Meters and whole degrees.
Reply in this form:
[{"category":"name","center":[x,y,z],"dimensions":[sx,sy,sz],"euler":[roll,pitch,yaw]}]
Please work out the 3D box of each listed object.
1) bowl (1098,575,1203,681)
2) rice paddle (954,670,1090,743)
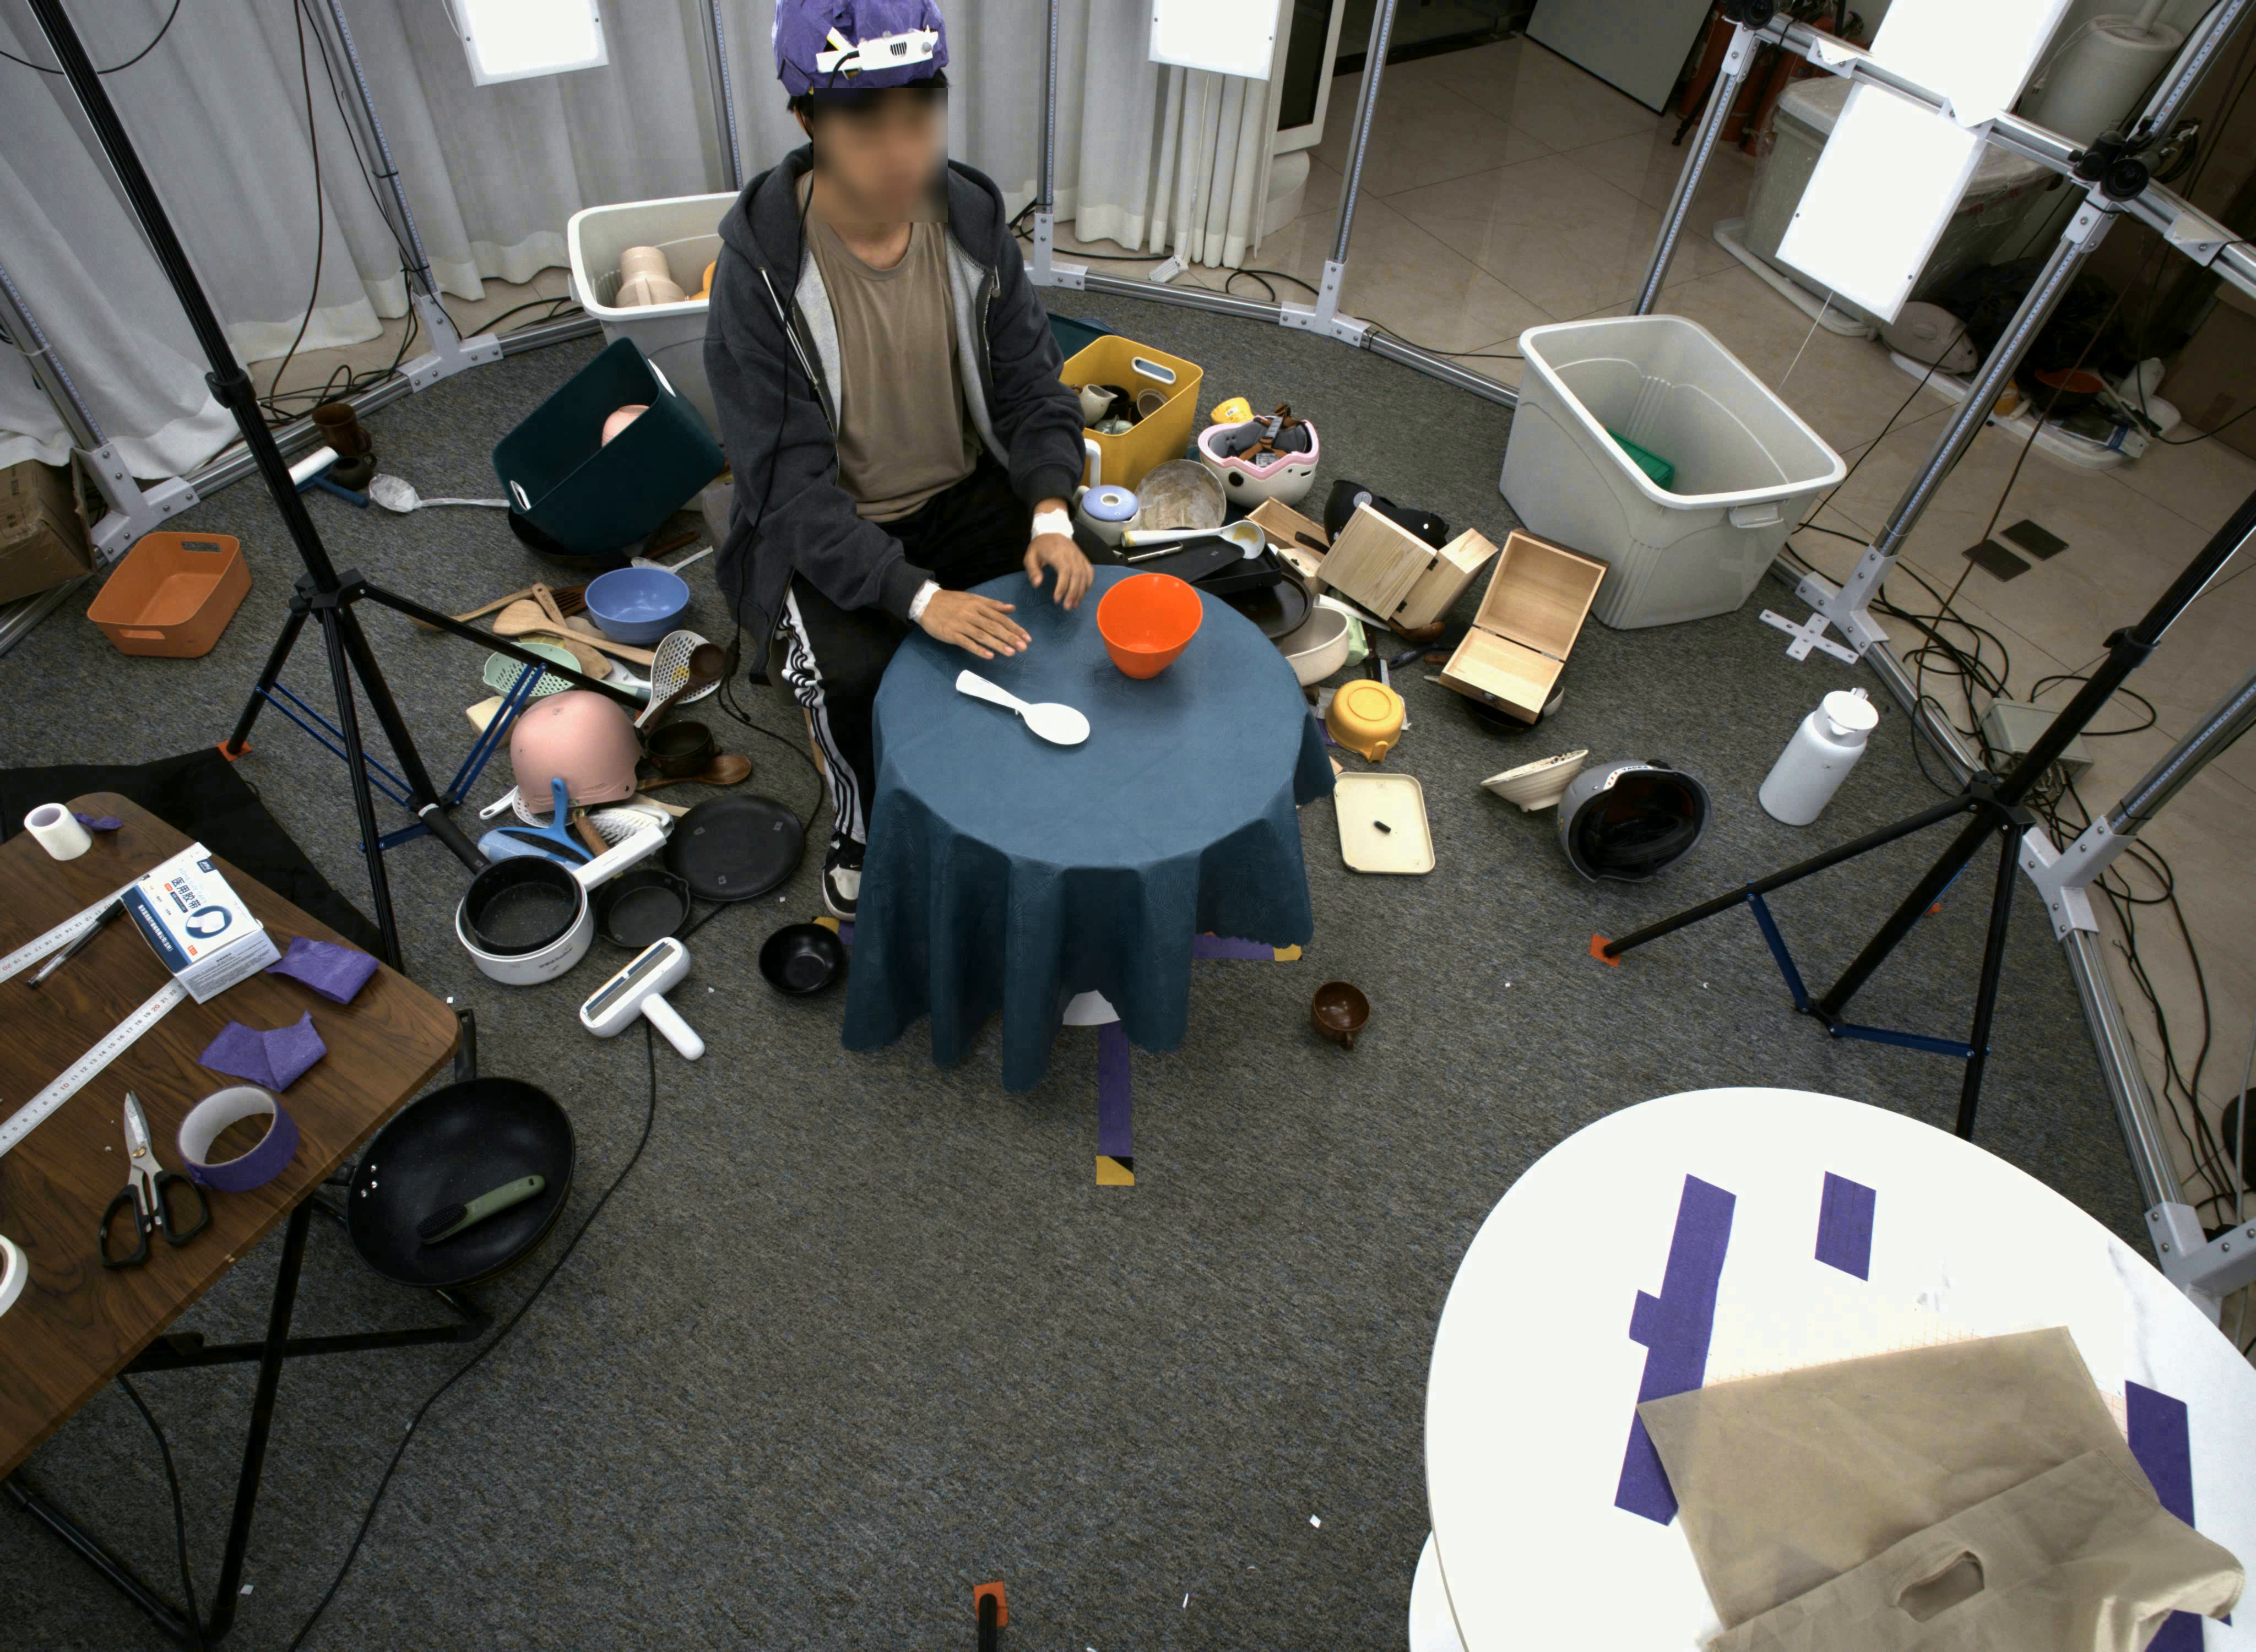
[{"category":"bowl","center":[0.030,-0.274,1.842],"dimensions":[0.148,0.102,0.152],"euler":[1,50,-2]},{"category":"rice paddle","center":[-0.146,-0.167,1.782],"dimensions":[0.207,0.029,0.070],"euler":[24,53,16]}]

■ WORK ORDER ■
Return the entries above exactly as they appear. Pictures should not be copied.

■ FINISHED TASK ■
Meters and whole degrees.
Reply in this form:
[{"category":"name","center":[x,y,z],"dimensions":[sx,sy,sz],"euler":[roll,pitch,yaw]}]
Please work out the 3D box of each listed object.
1) bowl (1098,575,1203,681)
2) rice paddle (954,670,1090,743)
[{"category":"bowl","center":[0.030,-0.274,1.842],"dimensions":[0.148,0.102,0.152],"euler":[1,50,-2]},{"category":"rice paddle","center":[-0.146,-0.167,1.782],"dimensions":[0.207,0.029,0.070],"euler":[24,53,16]}]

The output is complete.